The analytic cohort for this study included 30-day ED-based episodes of care for the identified 15 high-volume ED conditions among adult patients 18 years and older who were insured by BCBSM/BCN commercial or Medicare Advantage plans, Medicare FFS, or Medicaid. ED encounters were included between January 1, 2017, and December 31, 2022. Due to data availability at the time of analysis, ED-based episodes from Medicare FFS claims were through November 30, 2022. Index events were limited to ED visits at 105 nonfederal, nonpediatric MVC-participating hospitals in Michigan, inclusive of 83 general acute care hospitals and 22 critical access hospitals.
Thirty-Day ED Episode-of-Care Measures
Several measures to evaluate health care utilization were derived from the 30-day ED-based episodes of care. The primary measure was a risk- and price-standardized 30-day total episode-of care payments measure. This measure encompassed any insurance provider payments for facility and professional claims identified during the episode of care as outlined above. Other payment measures were created for facility index claim payments, postindex inpatient hospitalizations, professional services, and categories of postacute care services within episodes. For all payment measures, price standardization methodology was applied to ensure that calculated payments reflected the type and quantity of services rendered and not contractual pricing differences according to payer or site of care. Price standardization was achieved using established methods of assigning Medicare FFS paid amounts to equivalent services rendered across payers.18,19 For example, payments for facility inpatient claims were standardized based on claim DRG, and facility outpatient claims and professional claims were standardized using Current Procedural Terminology codes. More detailed information on price standardization methodology can be found in the MVC Data Guide in the eAppendix.
Risk-adjustment models incorporating covariates for patient age, sex, insurance provider, 6-month prior health care payments, and comorbidities were fitted to generate expected payment values for health care utilization outcomes within each episode. Model coefficients were selected using linear regression models with stepwise selection (P < .05), and Poisson regression was implemented for final models. Coefficients for patient age, sex, and binary indication of high or low price-standardized prior 6-month claim payments were always included. Comorbidities used in the models were grouped into 79 hierarchical condition categories (HCCs) (according to CMS-HCC Risk Adjustment Model version 22) identified by ICD-10-CM diagnosis codes on claims in the 6 months prior to each episode index event. Risk-adjusted payments were then calculated based on the ratio of observed to expected episode-level payments, multiplied by the overall sample mean payment.

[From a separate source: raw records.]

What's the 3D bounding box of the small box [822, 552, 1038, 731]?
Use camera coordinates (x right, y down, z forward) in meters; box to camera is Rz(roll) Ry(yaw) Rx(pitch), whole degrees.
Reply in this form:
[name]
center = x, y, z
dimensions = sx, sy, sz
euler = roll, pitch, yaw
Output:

To complement the payment measures, we also generated binary indicators for health care utilization measures for several components of care occurring within the 30-day episode of care, including inpatient hospitalization at time of index ED visit, postindex inpatient hospitalization, secondary ED visit without inpatient admission, home health care admission, skilled nursing facility care admission, and use of outpatient services.
Analysis
Univariate analysis described the frequency of ED episodes of care according to the principal diagnosis for the visit for all patients and stratified by age category (18-64 years and ≥ 65 years) and sex (male and female). Patient characteristics and characteristics of the index hospitals in the sample were also described. Patient characteristics included age, sex, race and ethnicity, year of admission, and comorbid conditions. Hospital characteristics were derived from the 2022 American Hospital Association Annual Survey and included bed size, teaching status, ownership type, rural or urban location, and critical access hospital status.

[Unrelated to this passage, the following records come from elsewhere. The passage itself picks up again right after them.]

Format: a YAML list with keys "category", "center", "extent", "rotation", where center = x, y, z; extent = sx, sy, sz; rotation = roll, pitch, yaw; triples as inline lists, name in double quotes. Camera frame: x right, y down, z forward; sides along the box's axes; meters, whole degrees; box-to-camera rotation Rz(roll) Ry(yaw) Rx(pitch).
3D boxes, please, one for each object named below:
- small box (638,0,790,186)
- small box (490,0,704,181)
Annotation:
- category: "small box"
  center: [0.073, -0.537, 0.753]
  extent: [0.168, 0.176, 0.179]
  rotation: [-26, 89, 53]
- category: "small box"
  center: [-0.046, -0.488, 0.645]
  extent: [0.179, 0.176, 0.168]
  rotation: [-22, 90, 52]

Further analysis of ED-based episode-of-care measures focused on 6 of the highest-volume conditions that were identified as initial priorities for collaborative-wide ED quality improvement: abdominal pain, cellulitis, chest pain (nonspecific), COPD, CHF, and urinary tract infection. Risk-adjusted, price-standardized episode payment components and health care utilization rates were described for these 6 conditions as outlined above. For analysis of within-condition variation, episodes were placed into evenly sized quartiles by condition based on rank-ordered risk-adjusted, price-standardized 30-day total episode payments. Average episode payment components were compared between episodes in the lowest and highest quartiles.
RESULTS
A total of 2,657,818 ED-based episodes of care at 105 Michigan hospitals were identified in the claims data. Across all ED-based episodes for the 15 index conditions, 61.3% were for female patients and the mean (SD) age of ED utilizers was 54.1 (21.2) years, with the largest group of patients (23.9%) being aged between 18 and 35 years (Table 1). Approximately one-quarter (24.3%) of patients identified as Black, 65.7% as White, and the remaining patients as other race categories or unknown. Most episodes were from patients insured by Michigan Medicaid (39.3%), followed by Medicare FFS (30.6%), BCBSM/BCN commercial plans (18.9%), and BCBSM/BCN Medicare Advantage plans (11.2%). Approximately 5.3% of ED episodes began at critical access hospitals. The yearly number of ED-based episodes identified was approximately 500,000 in 2017, 2018, and 2019, decreasing to below 400,000 annually for the years 2020-2022.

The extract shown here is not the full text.